■ Problem requirements ■
Every record that follows should be written out word for word; the pictures stay out.

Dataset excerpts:
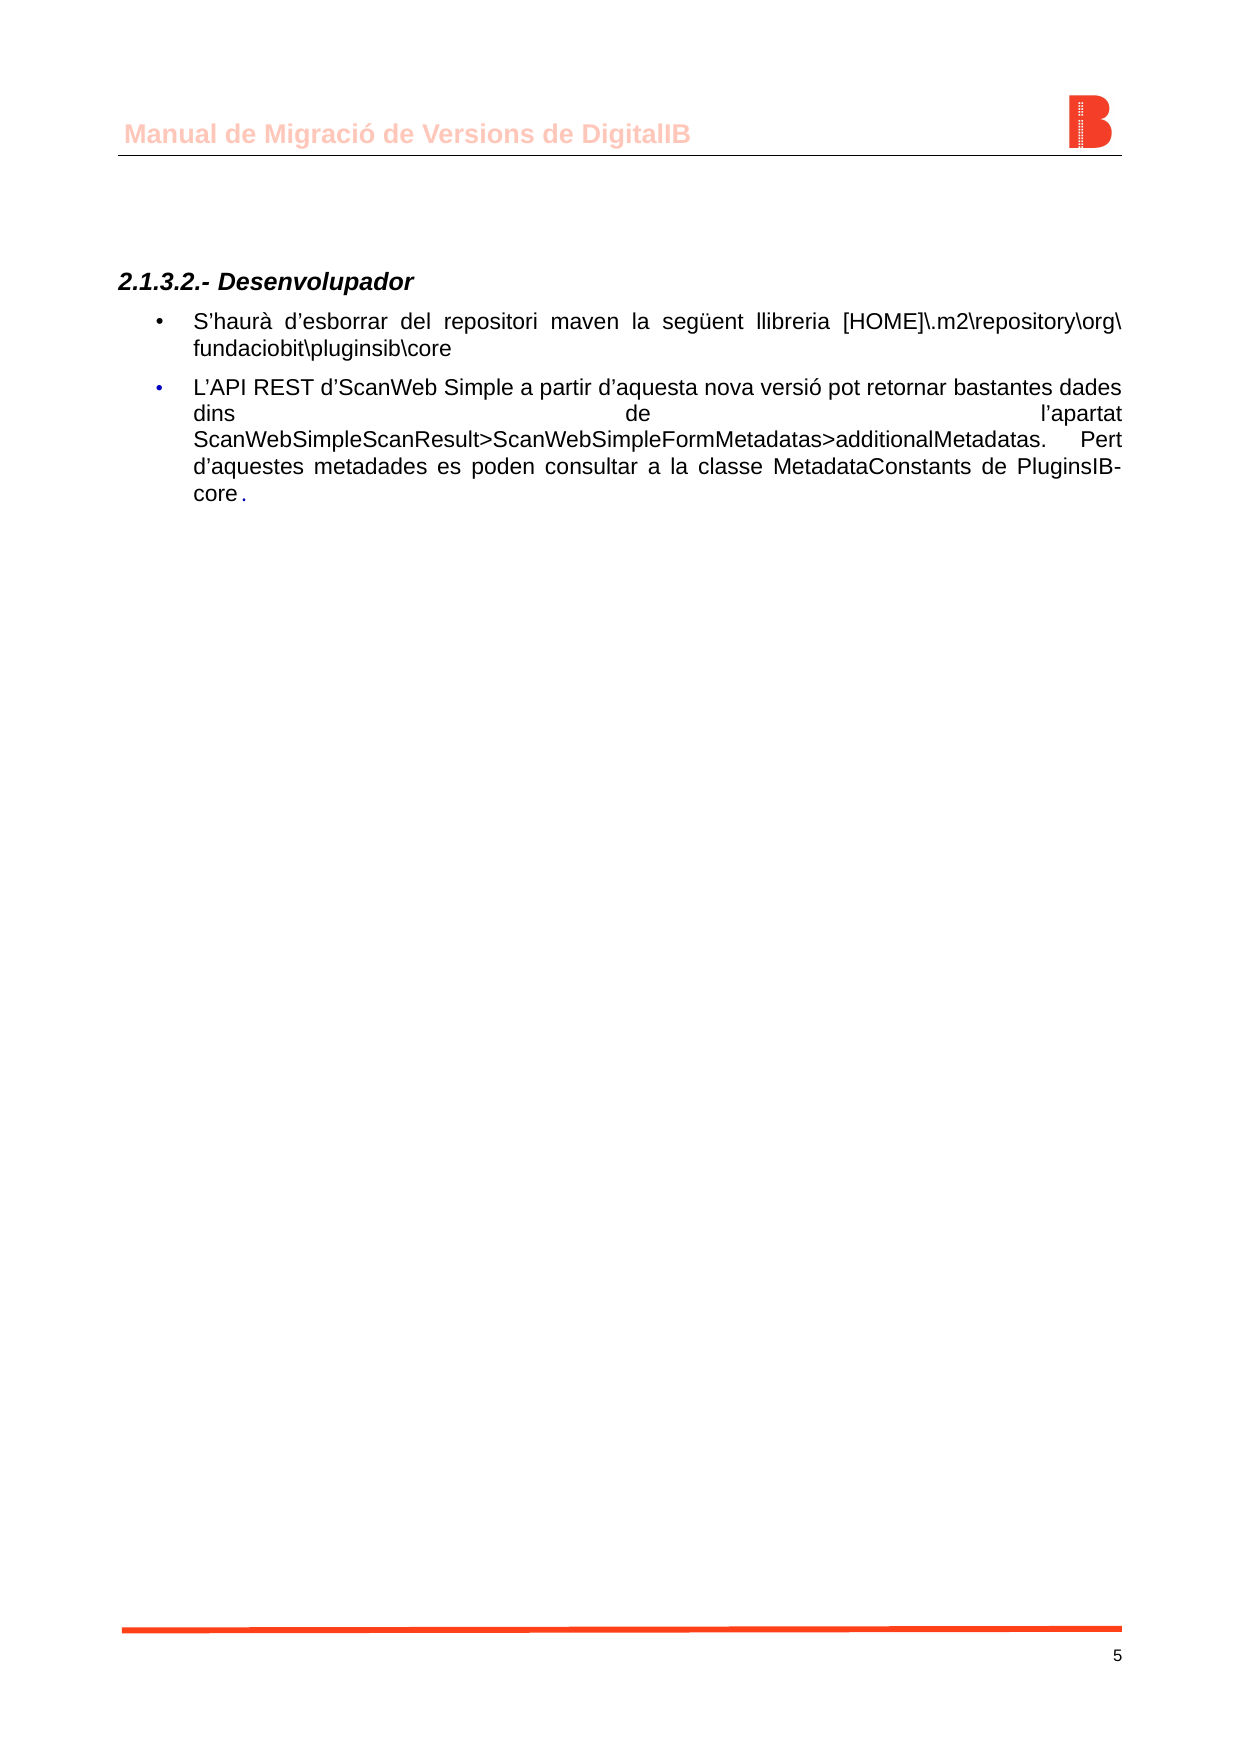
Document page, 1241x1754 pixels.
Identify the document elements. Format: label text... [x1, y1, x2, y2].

subtitle Desenvolupador [118, 267, 1122, 296]
picture [1063, 94, 1117, 150]
list S’haurà d’esborrar del repositori maven la següent llibreria [HOME]\.m2\repository\org\fundaciobit\pluginsib\core [156, 308, 1122, 361]
list L’API REST d’ScanWeb Simple a partir d’aquesta nova versió pot retornar bastantes dades dins de l’apartat ScanWebSimpleScanResult>ScanWebSimpleFormMetadatas>additionalMetadatas. Pert d’aquestes metadades es poden consultar a la classe MetadataConstants de PluginsIB-core. [156, 373, 1122, 507]

■ Answer space ■
Document page, 1241x1754 pixels.
Identify the document elements. Format: label text... [x1, y1, x2, y2].

subtitle Desenvolupador [118, 267, 1122, 296]
picture [1063, 94, 1117, 150]
list S’haurà d’esborrar del repositori maven la següent llibreria [HOME]\.m2\repository\org\fundaciobit\pluginsib\core [156, 308, 1122, 361]
list L’API REST d’ScanWeb Simple a partir d’aquesta nova versió pot retornar bastantes dades dins de l’apartat ScanWebSimpleScanResult>ScanWebSimpleFormMetadatas>additionalMetadatas. Pert d’aquestes metadades es poden consultar a la classe MetadataConstants de PluginsIB-core. [156, 373, 1122, 507]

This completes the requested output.